From the perspective of the protection of human rights in the United Kingdom, there are four key observations to make.

Firstly, the IPT, a body which is responsible for the oversight of the significant surveillance powers of the UK state, is now firmly subject to the control of the ordinary law. The dangers of this specialist tribunal, which often deals with sensitive questions of human rights law, being hived off from the ordinary law were significant, running the risk of the development of “local law” in a context where ordinary judicial principles of transparency and equality of arms are (at best) attenuated.

Secondly, it is welcome that the Supreme Court has reaffirmed the strictness of the presumption against ouster, in light of the Court of Appeal “seeing force in” the submission that the principle of legality is of “variable impact”.

Third, somewhat more worryingly, the Court seems also to have provided something of a “drafting guide” for effective future ouster clauses, based on an (in the event abandoned) proposed ouster clause from 2003 [101]. It will be interesting to see whether the government takes the bait on this, and starts following the Supreme Court’s (implicit) advice on how effective ousters are to be drafted.

Fourthly, the plurality’s take on the limits of parliamentary sovereignty, if correct, opens the door to an enhanced role for the judiciary in the protection of human rights.
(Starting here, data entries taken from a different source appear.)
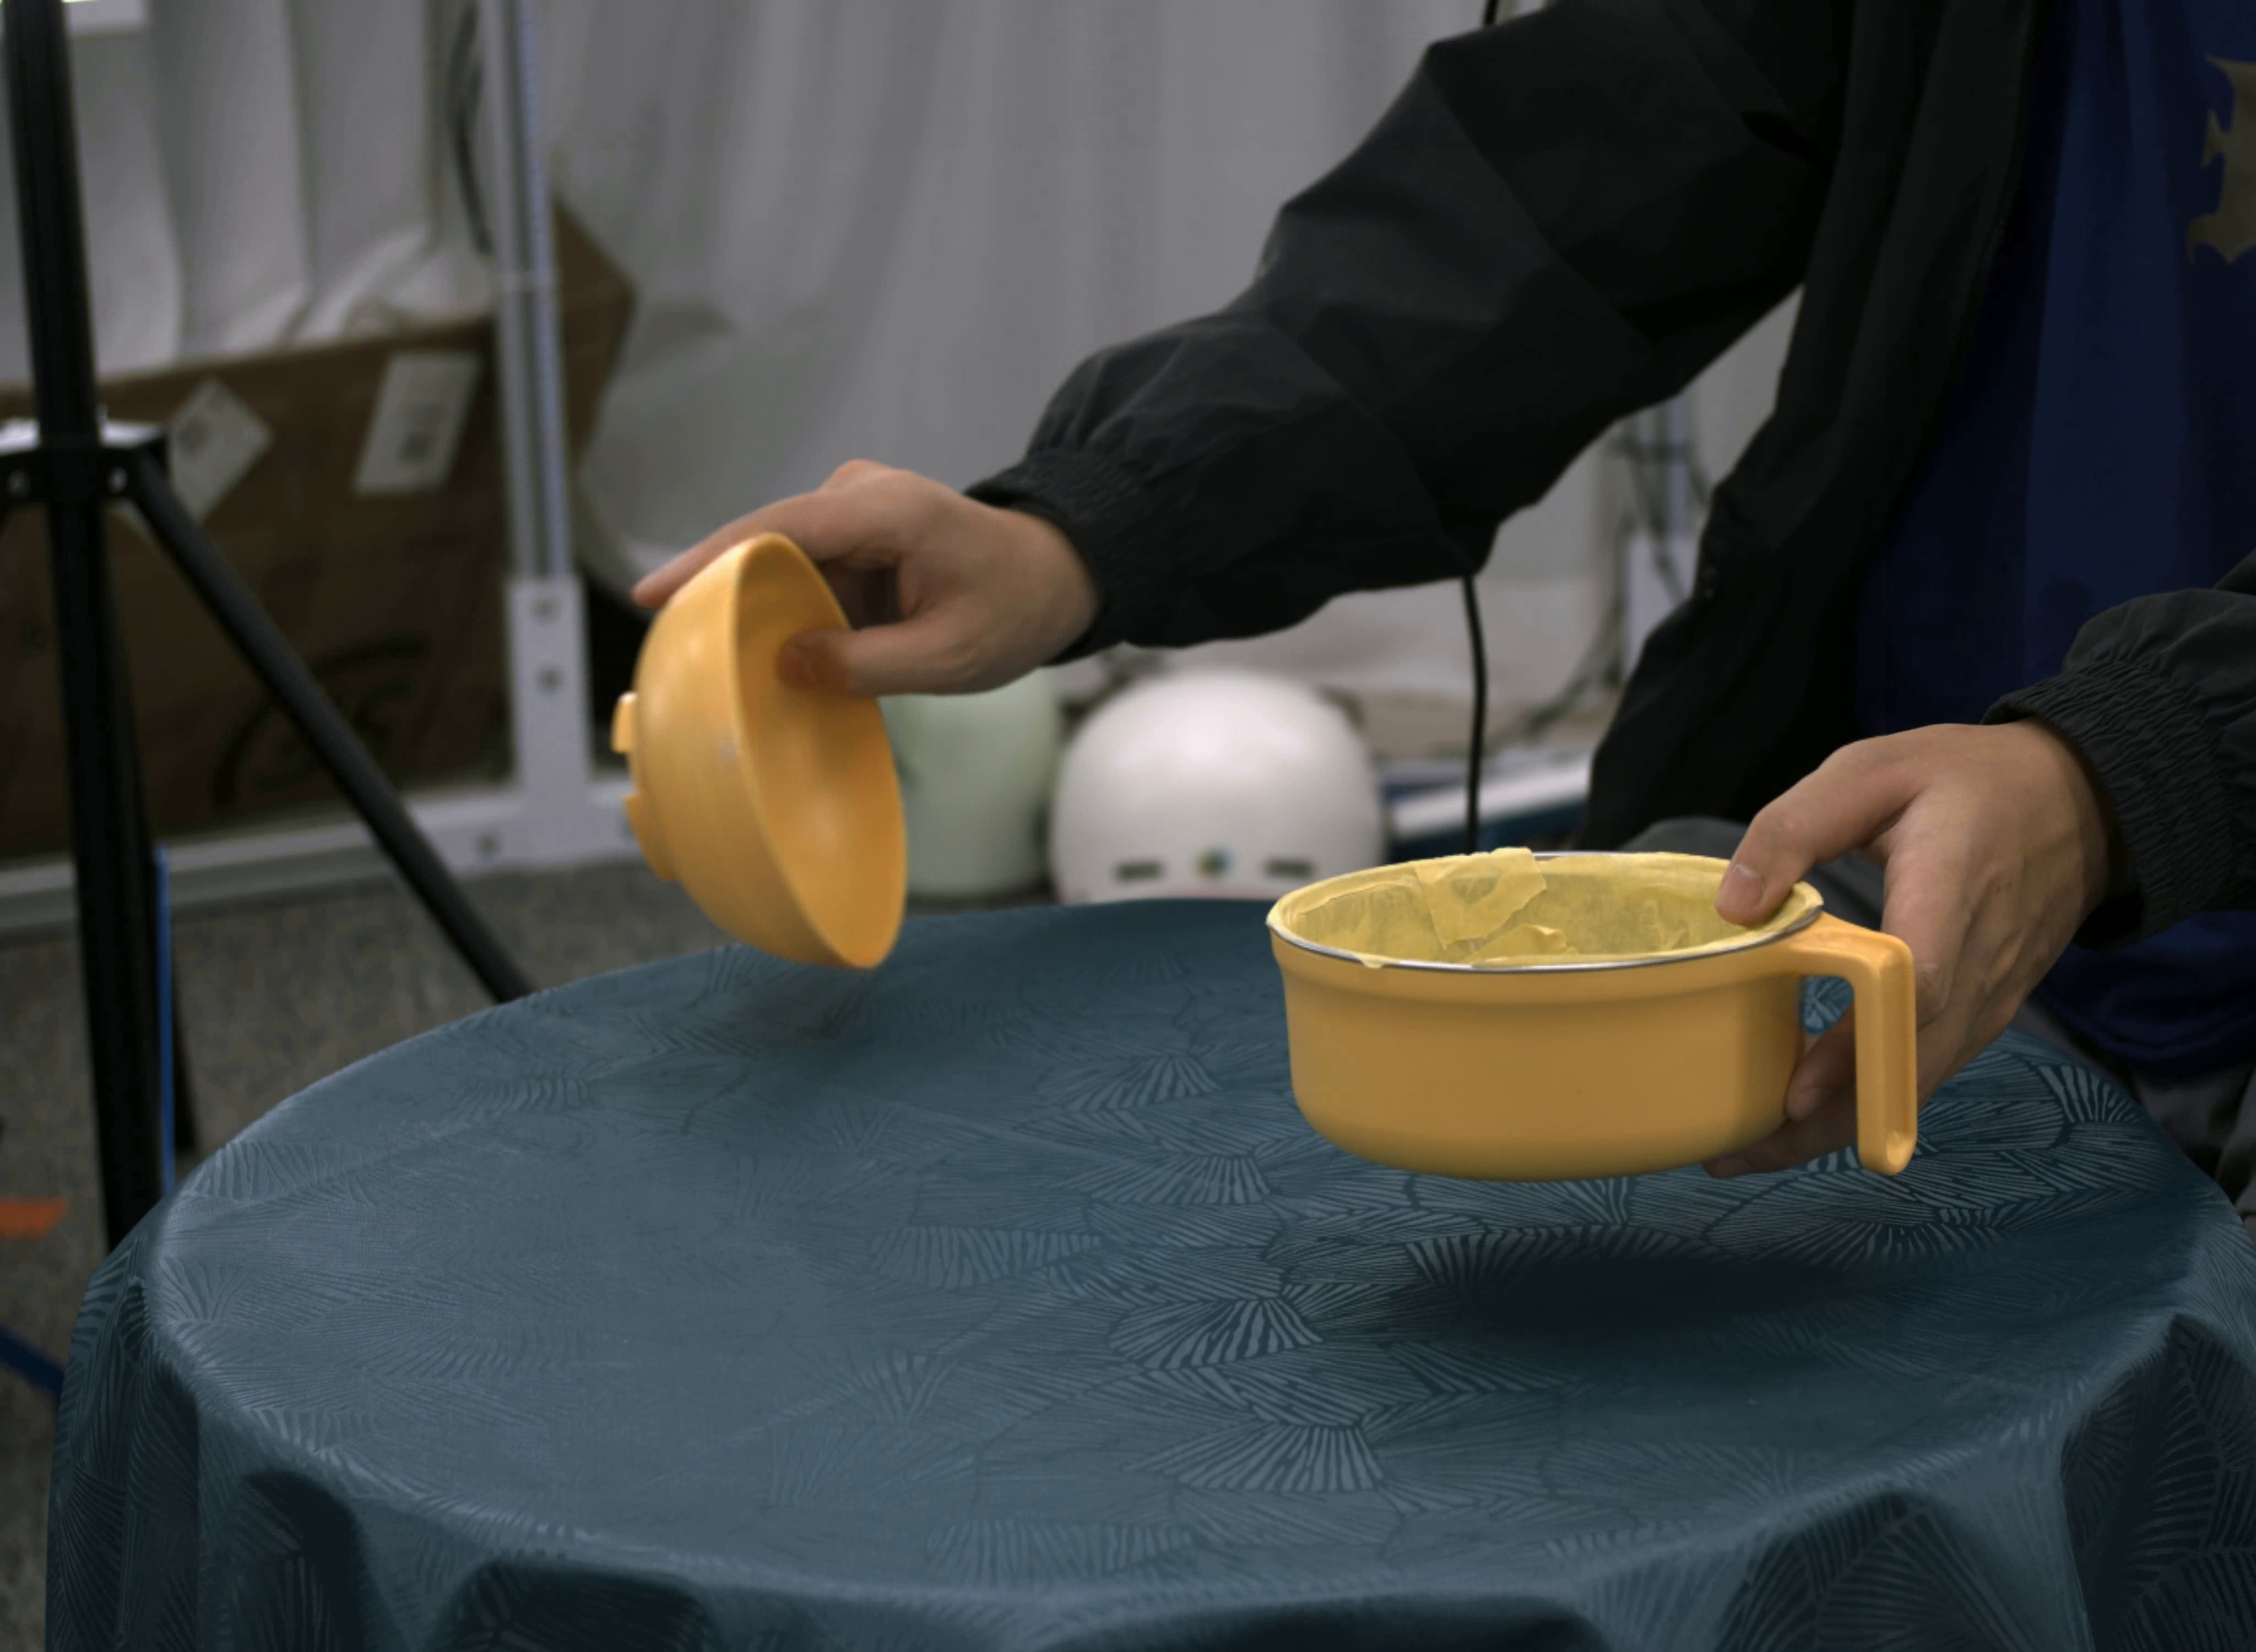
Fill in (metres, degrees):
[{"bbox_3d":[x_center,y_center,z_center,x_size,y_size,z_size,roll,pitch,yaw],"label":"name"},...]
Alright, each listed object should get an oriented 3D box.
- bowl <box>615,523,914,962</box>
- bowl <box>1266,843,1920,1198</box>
[{"bbox_3d":[-0.125,-0.020,1.729,0.060,0.145,0.144,-15,11,19],"label":"bowl"},{"bbox_3d":[0.127,0.056,1.446,0.182,0.074,0.150,2,11,26],"label":"bowl"}]

Up until now, judicial pronouncements on any potential limits of Parliament’s power to interfere with rights have been either extremely vague, or confined to the context of the supremacy of EU law. In Privacy International, we see judicial acceptance of the notion that there might be specific limits on Parliament’s power, which come not from EU law, but from the domestic constitutional principle of the rule of law. This development, coupled with the more and more confident steps UK courts are taking towards the recognition of common law constitutional rights, leaves the traditional principle of parliamentary sovereignty in a precarious place, creating an opportunity for a more muscular approach to the protection of human rights by the courts.